**ACTIVITY:**
Please reproduce the data exactly and omit the pictures.

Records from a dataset

┌────────

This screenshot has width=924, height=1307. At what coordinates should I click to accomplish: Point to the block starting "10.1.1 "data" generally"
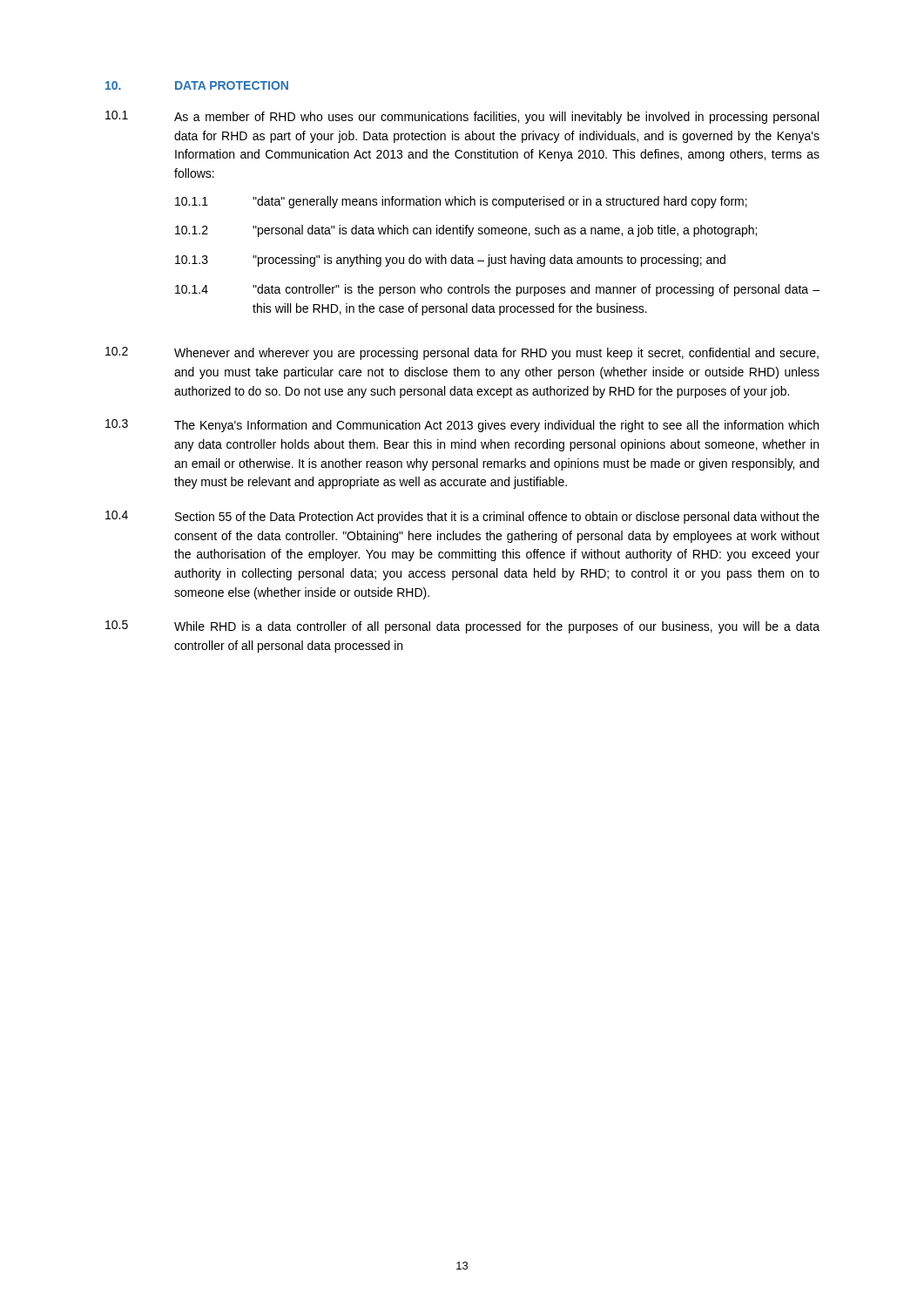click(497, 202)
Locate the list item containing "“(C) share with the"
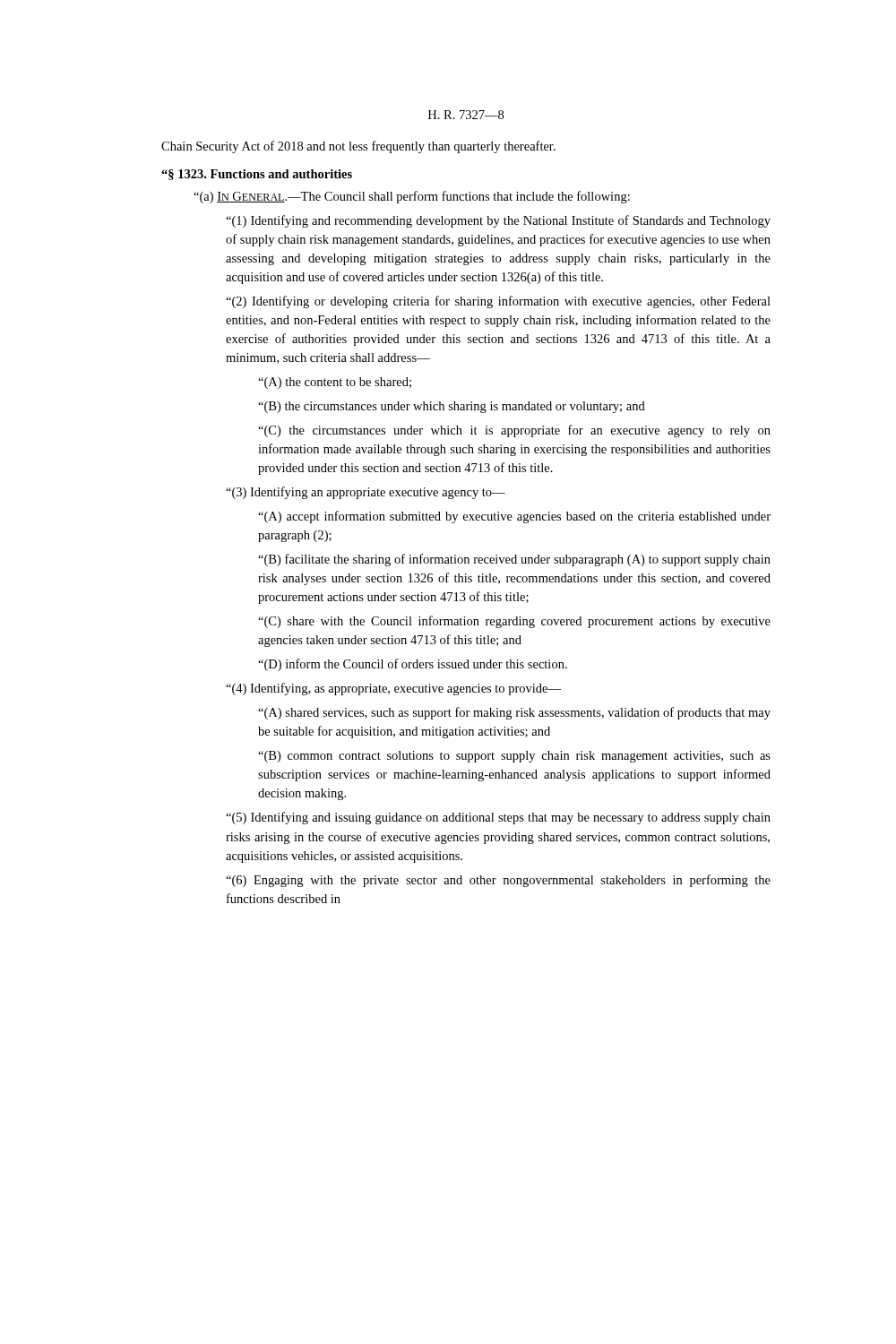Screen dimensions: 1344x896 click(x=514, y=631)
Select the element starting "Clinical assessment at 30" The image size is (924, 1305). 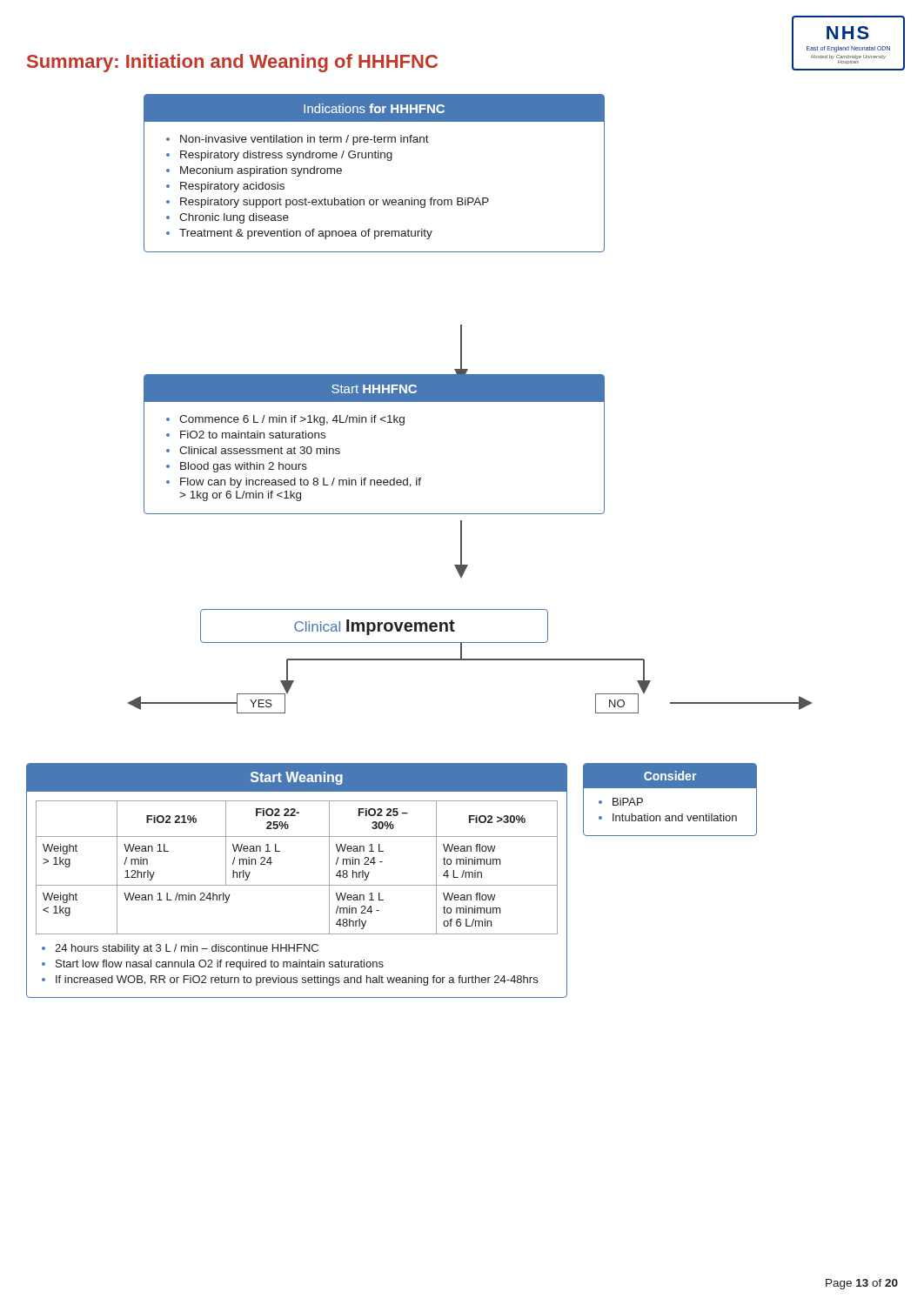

└────────

**SOLUTION FOR THIS TASK:**
This screenshot has width=924, height=1307. At what coordinates should I click to accomplish: Point to the block starting "10.1.1 "data" generally"
click(497, 202)
Locate the list item containing "“(C) share with the"
Screen dimensions: 1344x896 click(x=514, y=631)
Select the element starting "Clinical assessment at 30" The image size is (924, 1305). 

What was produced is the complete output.